# Heathen City 2



## WolfoxOkamichan (Jan 29, 2010)

Oh god...

Oh god...

It's like reading a horrible backstory chapter of a fanfic. With furries.

It's like what would happen if a 90's writer and a fanfiction writer's mind meshed together and formed into some... horrible... waste of paper!

You do NOT make a whole comic based with backstory and expect it to fix a lot of things. Backstories tend to occur only in short intervals, but seriously, you can NOT fix a story that is already a horrible mess if you attempt to do backstories.


----------



## Foxstar (Jan 30, 2010)

Anyone who expected anything other from this rag then fap-bait was kidding themselves. Welcome to the age where any idiot can get anything published (See also Chakats)


----------



## WolfoxOkamichan (Jan 30, 2010)

It's really sad though that furries are pushing it.

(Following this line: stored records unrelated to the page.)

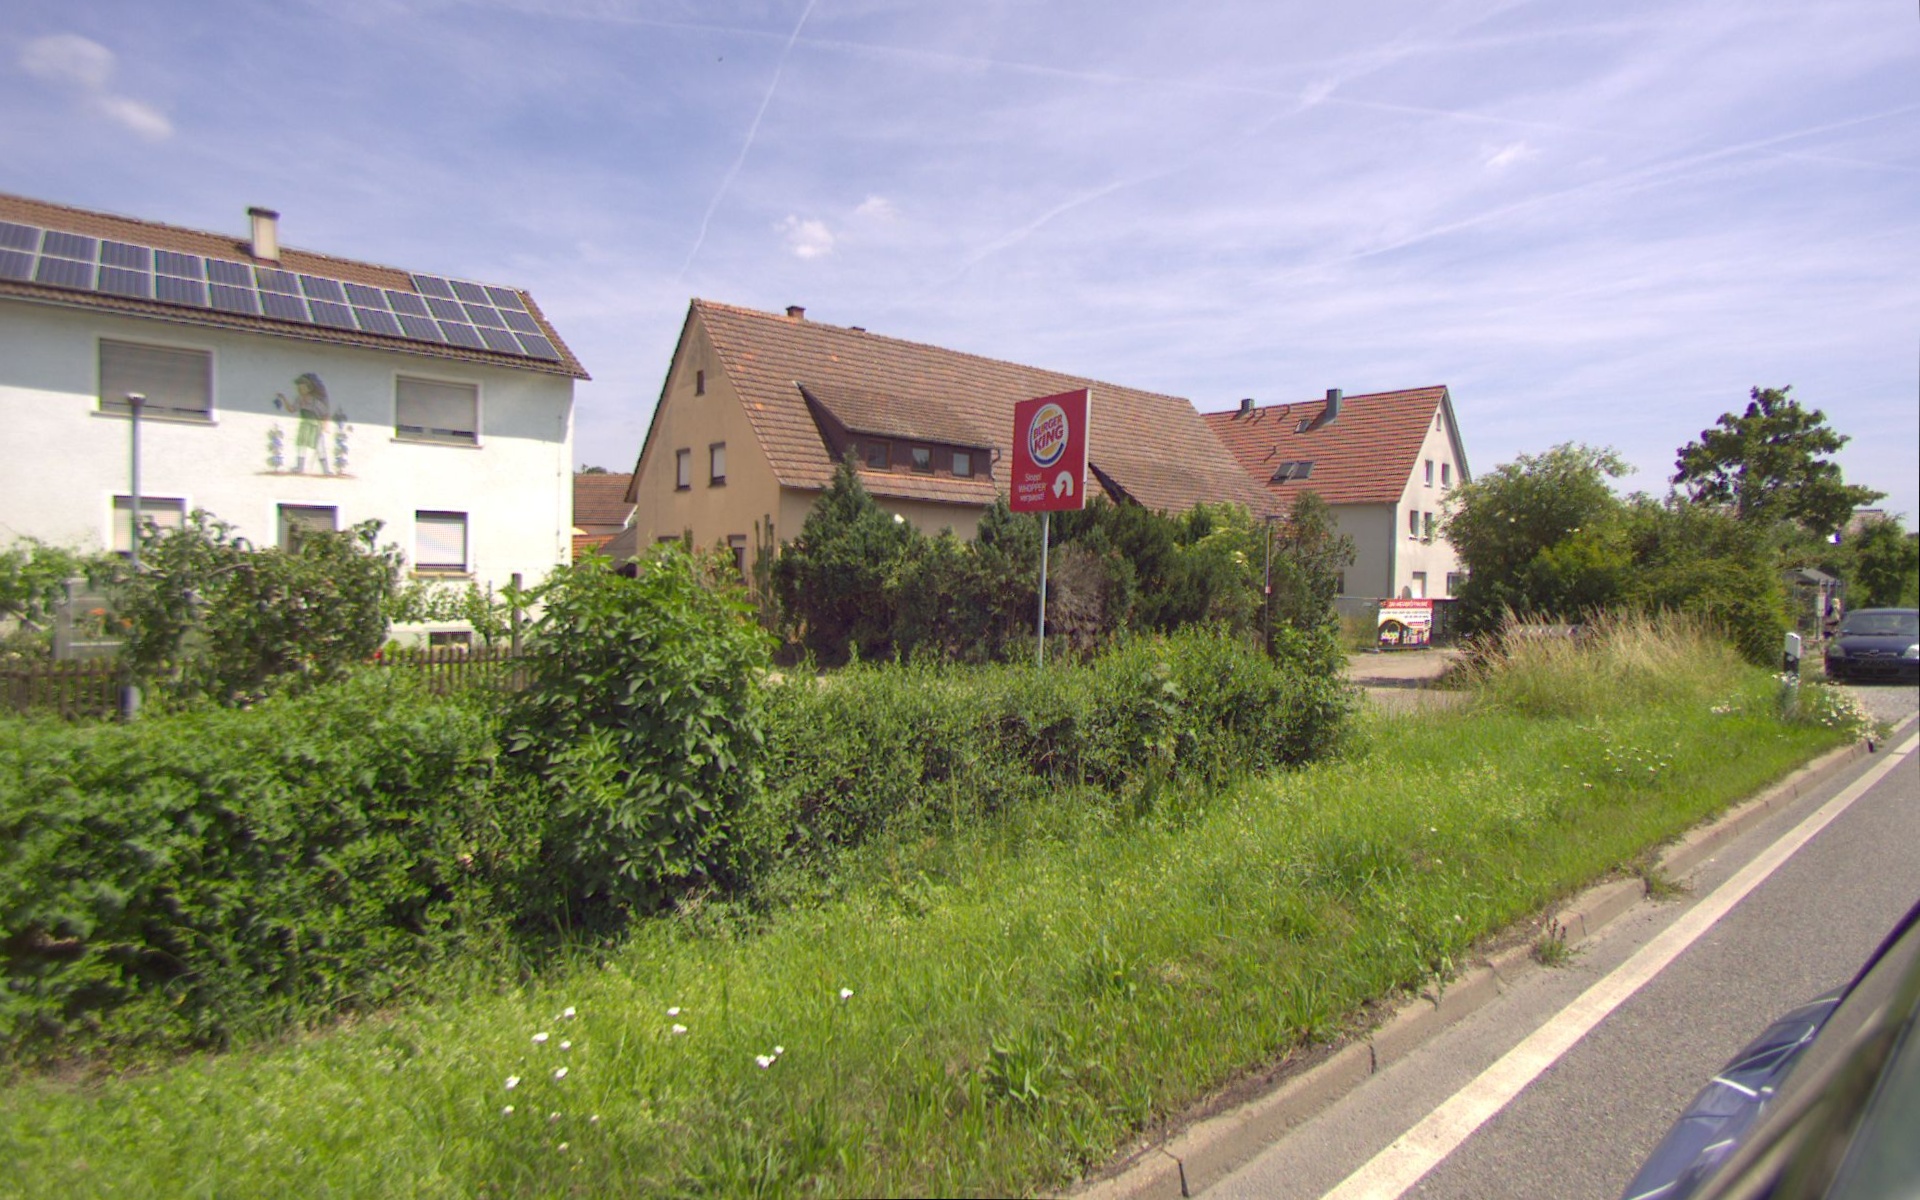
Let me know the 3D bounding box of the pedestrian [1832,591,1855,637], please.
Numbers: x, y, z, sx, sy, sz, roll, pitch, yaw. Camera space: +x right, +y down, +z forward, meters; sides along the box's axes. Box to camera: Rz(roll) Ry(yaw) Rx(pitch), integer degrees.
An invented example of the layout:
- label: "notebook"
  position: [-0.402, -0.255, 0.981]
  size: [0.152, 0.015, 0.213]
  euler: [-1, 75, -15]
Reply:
- label: "pedestrian"
  position: [30.994, 0.485, 35.508]
  size: [0.517, 1.568, 0.557]
  euler: [0, 1, 31]

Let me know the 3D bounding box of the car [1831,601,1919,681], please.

Why can't they push better stuff like I.S.O.?


----------



## Foxstar (Jan 30, 2010)

Do you really expect furries to push anything else?


----------



## WolfoxOkamichan (Jan 31, 2010)

Yes?


----------



## Tanzenlicht (Jan 31, 2010)

WolfoxOkamichan said:


> Yes?



Oh, you poor sad, disappointed man.


----------



## WolfoxOkamichan (Jan 31, 2010)

I had hope 

And yeah, it is kinda sad.


----------



## Dyluck (Jan 31, 2010)

lol taking 2 years to make a single issue of a comic

Is Ayato still illustrating it, or do they have someone else doing it now?


----------



## WolfoxOkamichan (Jan 31, 2010)

Same art, but there's a small section with crappier art.


----------